Work instructions | Quote exactly the lines running from the line with "286, 1853, 305]." to the end of the entries, including both, and nothing else.

Stored entries:
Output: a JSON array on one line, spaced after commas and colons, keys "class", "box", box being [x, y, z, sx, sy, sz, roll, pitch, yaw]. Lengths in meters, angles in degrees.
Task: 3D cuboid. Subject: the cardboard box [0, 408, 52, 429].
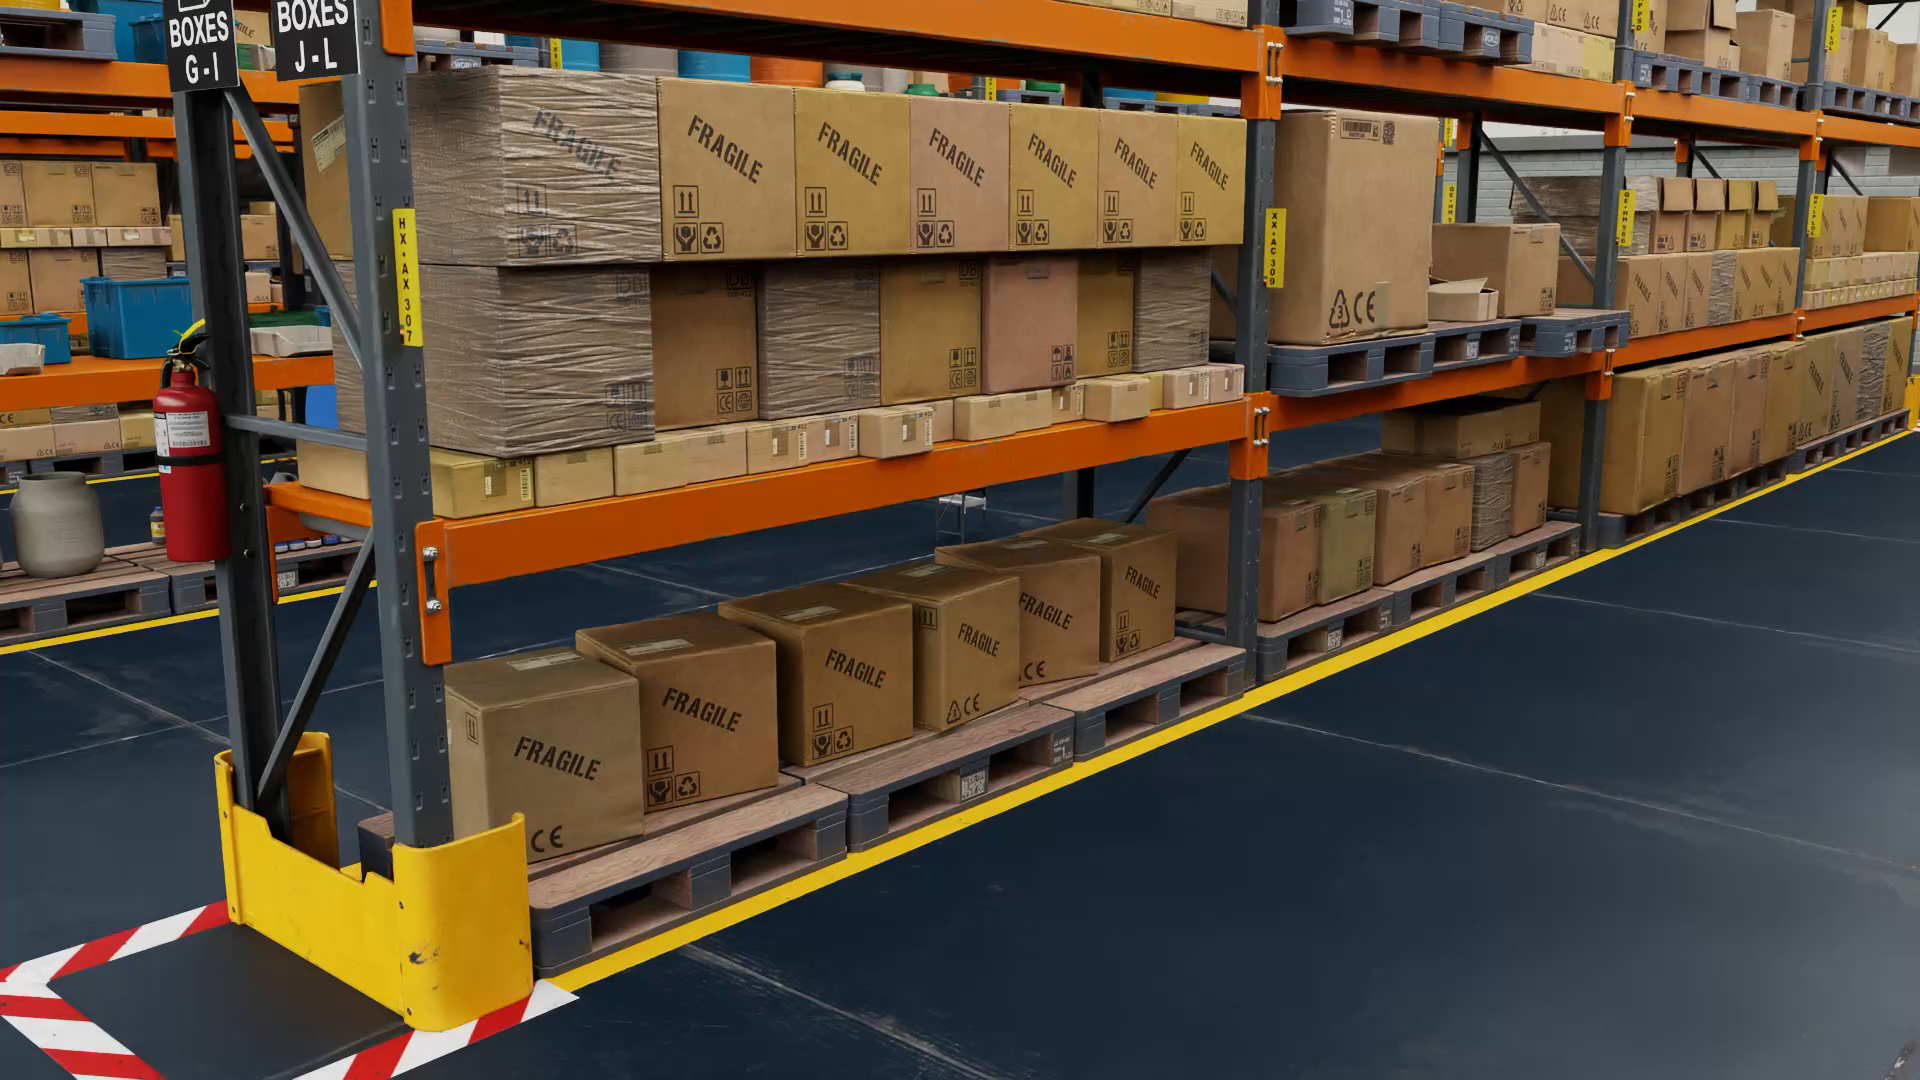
[{"class": "cardboard box", "box": [-7.346, -1.130, 12.744, 0.500, 0.500, 0.500, 10, 15, 40]}]

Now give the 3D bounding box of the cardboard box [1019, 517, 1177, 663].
[{"class": "cardboard box", "box": [0.606, 0.208, 7.324, 0.500, 0.500, 0.500, 9, 15, 39]}]

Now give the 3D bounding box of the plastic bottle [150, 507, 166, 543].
[{"class": "plastic bottle", "box": [-4.577, -0.088, 9.516, 0.097, 0.201, 0.097, 0, 11, 0]}]

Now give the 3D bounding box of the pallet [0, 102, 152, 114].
[{"class": "pallet", "box": [-7.082, -3.446, 12.874, 1.003, 0.211, 1.213, 10, 15, 40]}]

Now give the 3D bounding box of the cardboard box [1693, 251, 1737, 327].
[{"class": "cardboard box", "box": [5.072, -1.765, 11.635, 0.500, 0.500, 0.500, 10, 15, 41]}]

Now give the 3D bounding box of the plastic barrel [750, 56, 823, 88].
[{"class": "plastic barrel", "box": [-1.317, -3.587, 12.259, 0.600, 0.830, 0.708, 10, 15, 40]}]

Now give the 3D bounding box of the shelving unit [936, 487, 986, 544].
[{"class": "shelving unit", "box": [0.005, -0.442, 10.629, 0.258, 0.900, 0.210, 10, 15, 40]}]

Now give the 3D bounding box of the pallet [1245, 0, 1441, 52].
[{"class": "pallet", "box": [1.388, -2.322, 7.499, 1.213, 0.211, 1.003, 10, 15, 40]}]

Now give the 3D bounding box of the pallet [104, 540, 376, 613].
[{"class": "pallet", "box": [-4.100, 0.135, 9.497, 1.003, 0.211, 1.213, 10, 15, 40]}]

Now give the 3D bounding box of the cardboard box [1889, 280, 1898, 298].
[{"class": "cardboard box", "box": [8.331, -2.301, 15.216, 0.380, 0.149, 0.250, 10, 15, 41]}]

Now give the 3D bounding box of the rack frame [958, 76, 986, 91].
[{"class": "rack frame", "box": [-0.180, -5.037, 12.954, 1.000, 3.000, 0.127, 10, 15, 40]}]

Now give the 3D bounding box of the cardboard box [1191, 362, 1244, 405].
[{"class": "cardboard box", "box": [0.979, -0.673, 7.065, 0.380, 0.149, 0.250, 10, 15, 40]}]

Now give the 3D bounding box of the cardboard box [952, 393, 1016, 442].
[{"class": "cardboard box", "box": [-0.022, -0.454, 5.969, 0.380, 0.149, 0.250, 10, 15, 40]}]

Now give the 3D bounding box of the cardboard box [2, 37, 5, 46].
[{"class": "cardboard box", "box": [-7.425, -3.730, 12.866, 0.500, 0.311, 0.500, 9, 14, 37]}]

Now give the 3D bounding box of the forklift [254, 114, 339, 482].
[{"class": "forklift", "box": [-4.722, -1.929, 12.887, 1.130, 2.935, 3.031, -8, 14, -34]}]

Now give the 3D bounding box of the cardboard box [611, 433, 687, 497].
[{"class": "cardboard box", "box": [-1.017, -0.235, 4.869, 0.380, 0.149, 0.250, 10, 15, 40]}]

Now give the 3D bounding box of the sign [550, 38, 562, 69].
[{"class": "sign", "box": [-2.414, -2.909, 9.936, 0.100, 0.325, 0.005, 10, 15, 40]}]

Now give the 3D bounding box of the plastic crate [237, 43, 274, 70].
[{"class": "plastic crate", "box": [-4.066, -2.676, 9.336, 0.336, 0.188, 0.450, 10, 15, 40]}]

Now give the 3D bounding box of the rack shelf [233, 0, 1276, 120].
[{"class": "rack shelf", "box": [-0.420, -1.690, 5.692, 1.077, 0.370, 4.000, 10, 15, 40]}]

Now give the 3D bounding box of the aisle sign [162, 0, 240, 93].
[{"class": "aisle sign", "box": [-2.006, -1.582, 4.336, 0.394, 0.787, 0.004, 10, 15, 40]}]

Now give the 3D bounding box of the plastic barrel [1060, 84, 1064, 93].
[{"class": "plastic barrel", "box": [0.877, -4.119, 14.597, 0.433, 0.535, 0.433, 0, 11, 0]}]

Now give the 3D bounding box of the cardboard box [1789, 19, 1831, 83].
[{"class": "cardboard box", "box": [6.653, -3.941, 13.543, 0.700, 0.500, 0.500, 9, 14, 37]}]

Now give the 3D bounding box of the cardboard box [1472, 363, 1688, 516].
[{"class": "cardboard box", "box": [4.012, -0.717, 10.997, 1.225, 0.875, 0.875, 9, 14, 38]}]

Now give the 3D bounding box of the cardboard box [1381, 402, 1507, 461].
[{"class": "cardboard box", "box": [2.779, -0.630, 9.553, 0.500, 0.250, 0.500, -10, 15, -41]}]

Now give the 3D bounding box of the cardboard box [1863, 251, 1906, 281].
[{"class": "cardboard box", "box": [8.366, -2.524, 15.312, 0.500, 0.250, 0.500, 9, 15, 39]}]

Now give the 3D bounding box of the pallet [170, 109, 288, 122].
[{"class": "pallet", "box": [-5.966, -3.656, 14.187, 0.805, 0.209, 1.217, 9, 14, 38]}]

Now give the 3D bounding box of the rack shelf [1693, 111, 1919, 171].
[{"class": "rack shelf", "box": [7.502, -3.455, 14.532, 1.077, 0.370, 4.000, 10, 15, 40]}]

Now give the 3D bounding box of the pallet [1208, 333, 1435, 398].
[{"class": "pallet", "box": [1.514, -0.866, 7.876, 1.003, 0.211, 1.213, 10, 15, 40]}]

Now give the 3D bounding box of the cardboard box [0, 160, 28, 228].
[{"class": "cardboard box", "box": [-7.490, -2.618, 12.595, 0.700, 0.500, 0.500, 10, 15, 40]}]

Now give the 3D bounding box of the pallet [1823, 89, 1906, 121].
[{"class": "pallet", "box": [7.535, -3.768, 14.487, 1.003, 0.211, 1.213, 10, 15, 40]}]

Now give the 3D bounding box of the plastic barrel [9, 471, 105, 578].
[{"class": "plastic barrel", "box": [-4.753, -0.084, 8.754, 0.421, 0.512, 0.421, 0, 11, 0]}]

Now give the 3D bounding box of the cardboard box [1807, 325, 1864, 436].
[{"class": "cardboard box", "box": [7.271, -1.426, 14.546, 0.875, 0.875, 0.875, 10, 15, 40]}]

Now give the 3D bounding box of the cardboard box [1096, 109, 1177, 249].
[{"class": "cardboard box", "box": [0.481, -1.376, 6.373, 0.500, 0.500, 0.500, 10, 15, 40]}]

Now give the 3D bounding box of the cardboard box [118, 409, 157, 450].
[{"class": "cardboard box", "box": [-6.680, -0.908, 13.549, 0.500, 0.250, 0.500, 10, 15, 40]}]

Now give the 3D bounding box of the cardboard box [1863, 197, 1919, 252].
[{"class": "cardboard box", "box": [8.698, -2.966, 15.611, 0.500, 0.500, 0.500, 10, 15, 41]}]

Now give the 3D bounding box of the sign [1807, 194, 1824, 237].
[{"class": "sign", "box": [6.595, -2.503, 12.832, 0.100, 0.325, 0.005, 10, 15, 40]}]

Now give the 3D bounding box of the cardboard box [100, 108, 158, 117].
[{"class": "cardboard box", "box": [-9.027, -4.765, 17.923, 0.500, 0.500, 0.500, 9, 14, 38]}]

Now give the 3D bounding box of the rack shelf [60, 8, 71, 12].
[{"class": "rack shelf", "box": [-8.942, -5.475, 18.003, 1.077, 0.370, 4.000, 10, 15, 40]}]

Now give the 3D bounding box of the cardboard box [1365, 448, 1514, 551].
[{"class": "cardboard box", "box": [2.757, -0.260, 9.614, 0.700, 0.500, 0.500, 8, 14, 36]}]

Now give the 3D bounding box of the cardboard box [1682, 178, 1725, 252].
[{"class": "cardboard box", "box": [4.906, -2.296, 11.732, 0.797, 0.503, 0.637, 10, 15, 42]}]

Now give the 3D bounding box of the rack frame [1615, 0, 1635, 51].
[{"class": "rack frame", "box": [3.541, -4.396, 9.748, 1.000, 3.000, 0.127, 10, 15, 40]}]

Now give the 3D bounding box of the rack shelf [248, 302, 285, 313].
[{"class": "rack shelf", "box": [-5.218, -2.089, 15.348, 1.077, 0.370, 4.000, 10, 15, 40]}]

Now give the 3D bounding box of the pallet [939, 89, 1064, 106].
[{"class": "pallet", "box": [0.399, -3.573, 13.766, 1.003, 0.211, 1.213, 10, 15, 40]}]

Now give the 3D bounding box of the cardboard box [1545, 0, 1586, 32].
[{"class": "cardboard box", "box": [3.084, -3.040, 9.085, 0.500, 0.500, 0.500, 10, 15, 40]}]

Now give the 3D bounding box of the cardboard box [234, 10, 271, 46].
[{"class": "cardboard box", "box": [-6.102, -4.204, 13.839, 0.500, 0.500, 0.500, 10, 15, 41]}]

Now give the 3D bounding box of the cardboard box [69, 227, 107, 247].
[{"class": "cardboard box", "box": [-6.893, -2.372, 13.016, 0.380, 0.149, 0.250, 9, 15, 39]}]

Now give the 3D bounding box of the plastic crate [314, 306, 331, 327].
[{"class": "plastic crate", "box": [-3.347, -1.236, 9.618, 0.499, 0.251, 0.616, 10, 15, 40]}]

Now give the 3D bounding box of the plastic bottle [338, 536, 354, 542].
[{"class": "plastic bottle", "box": [-3.536, -0.098, 9.564, 0.097, 0.201, 0.097, 0, 11, 0]}]

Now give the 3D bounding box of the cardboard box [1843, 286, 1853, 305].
[{"class": "cardboard box", "box": [7.314, -2.074, 14.080, 0.380, 0.149, 0.250, 9, 15, 40]}]

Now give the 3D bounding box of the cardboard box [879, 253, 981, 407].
[{"class": "cardboard box", "box": [-0.415, -0.779, 5.938, 0.875, 0.500, 0.500, 10, 15, 40]}]

The completed task |
Now give the 3D bounding box of the cardboard box [1843, 286, 1853, 305].
[{"class": "cardboard box", "box": [7.314, -2.074, 14.080, 0.380, 0.149, 0.250, 9, 15, 40]}]

Now give the 3D bounding box of the cardboard box [879, 253, 981, 407].
[{"class": "cardboard box", "box": [-0.415, -0.779, 5.938, 0.875, 0.500, 0.500, 10, 15, 40]}]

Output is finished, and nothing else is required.